It's really important to keep your stress level from getting away from you. Baraka_Guru and Spindles had some great suggestions, which I second.

Also good: meditation. If you don't already, you should start practicing meditation. It's usually not difficult to find a group, if that's your preference; or if you like guided meditations alone, you can get CDs online, or download guided meditations; or if you just want to try to go it alone, you can always find a couple of intro books and just plop down and give it a try. But meditation can really help you feel calmer and more able to deal with what's going on.

Music.
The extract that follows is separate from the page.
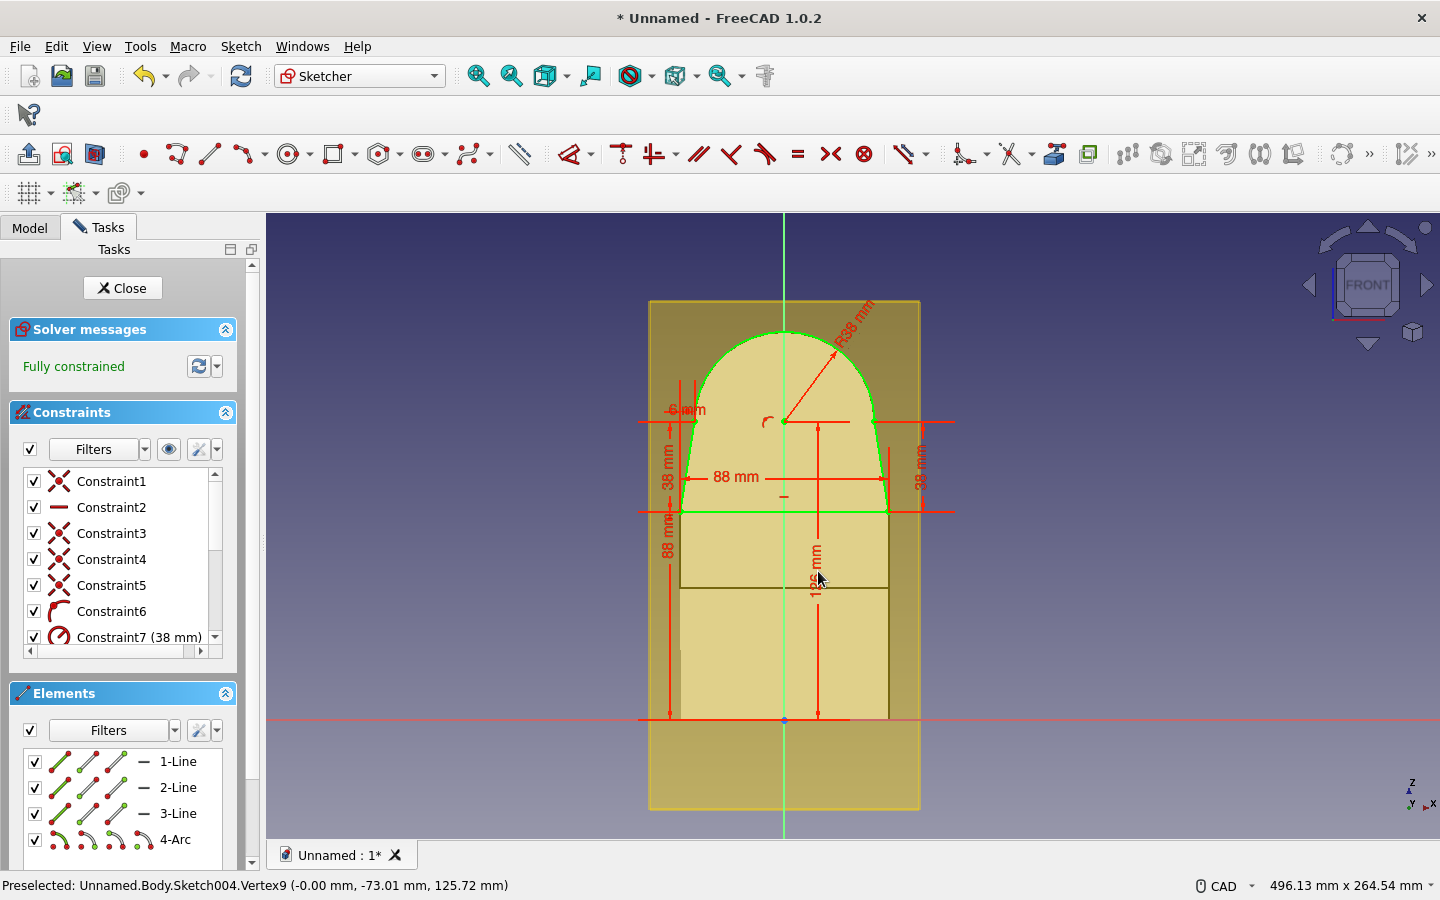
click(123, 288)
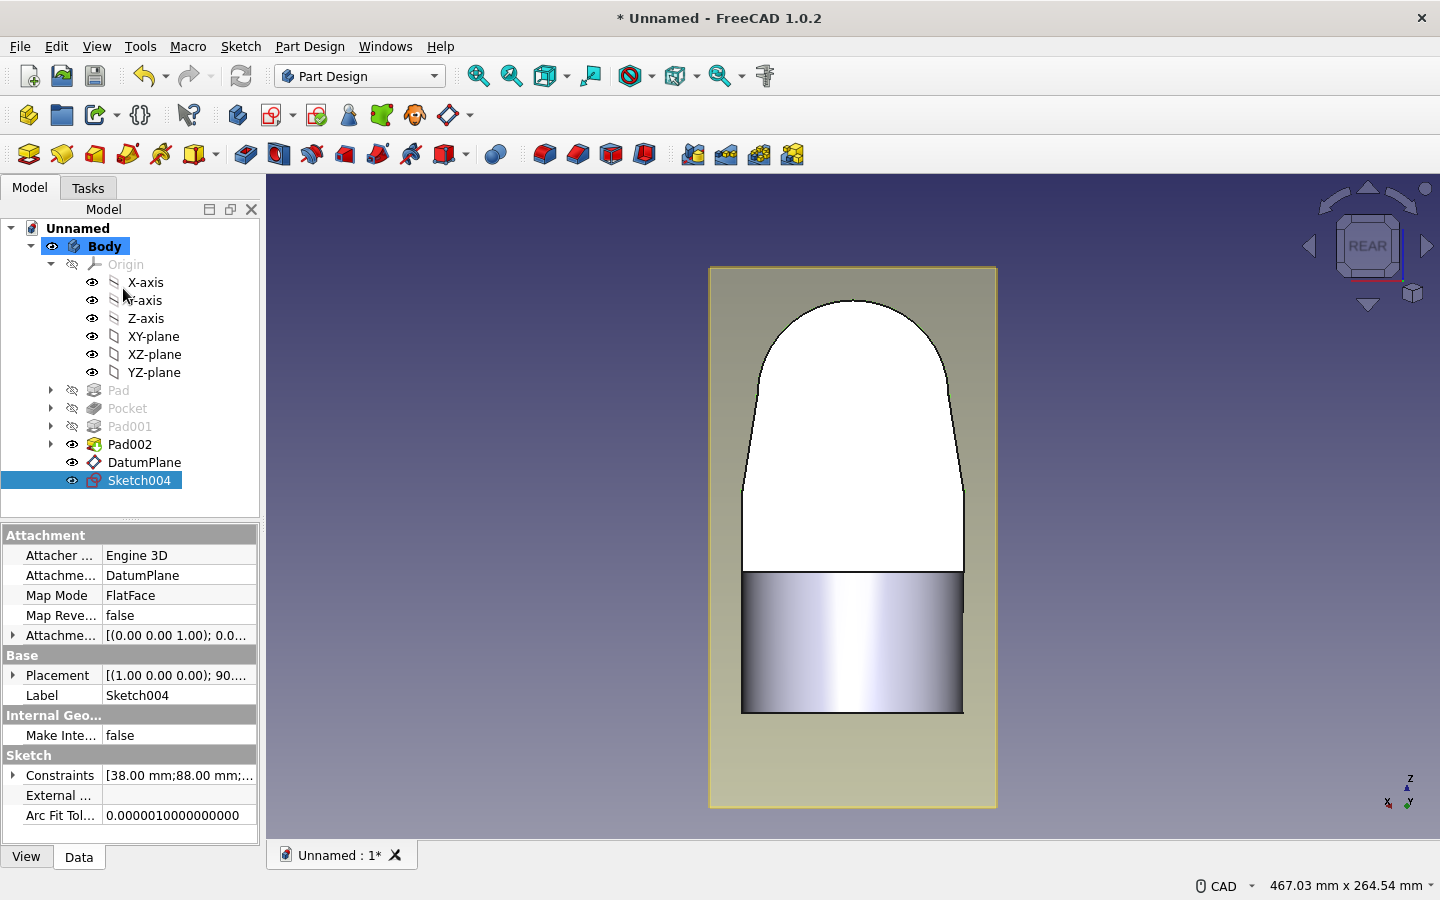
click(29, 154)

It doesn't just have to be calming music, or chimey New Age music. Sometimes it can be really therapeutic to burn off stress by rocking out to the hardest, thrashingest rock and roll you can fine. Sometimes not. But don't be afraid to let your instinct guide you. If you need soothing music that will be a tonic, find it and listen to it, and don't question what works. If you need music to scream by, find it, play it, and scream to it. There are times for all things.

Drinking to excess is not a good idea around now, but a glass of red wine in the evenings can help keep your heart rate down and your blood oxygenated. Unless you're an alcoholic, in which case, definitely don't drink at all.

Speaking of drinking, do drink lots of water. Peeing a lot isn't so relaxing, but dehydration will make you tired, irritable, and subject to hopelessness and despair.

Baraka_Guru mentioned herbal tea: I second that, and in addition to his recommendation, I recommend lemon verbena and sage tea, raspberry leaf and cardamom tea, and lemongrass, ginger, and mint tea.

If you have or have access to a hot tub, that can be very relaxing in the face of stress. Ditto with a sauna or steam bath, although you have to be careful not to stay in too long. If you don't have access to those, give yourself some extra time in the shower, and make it good and hot. Breathing in the steam is good for you, and the heat relaxes muscles.

Masturbate. I'm not kidding. It's an amazing stress reliever, it helps keep blood pressure low, it makes you more focused, and relaxes your muscles. Regardless of what the status of your sex life with your spouse is, masturbation will still be therapeutic for you.

Don't be afraid to give yourself the extra time to do these things for yourself. Remember, the better you feel, the more resources you have to support your spouse and help her out. The more stressed and exhausted you feel, the less strong you'll be able to be for her.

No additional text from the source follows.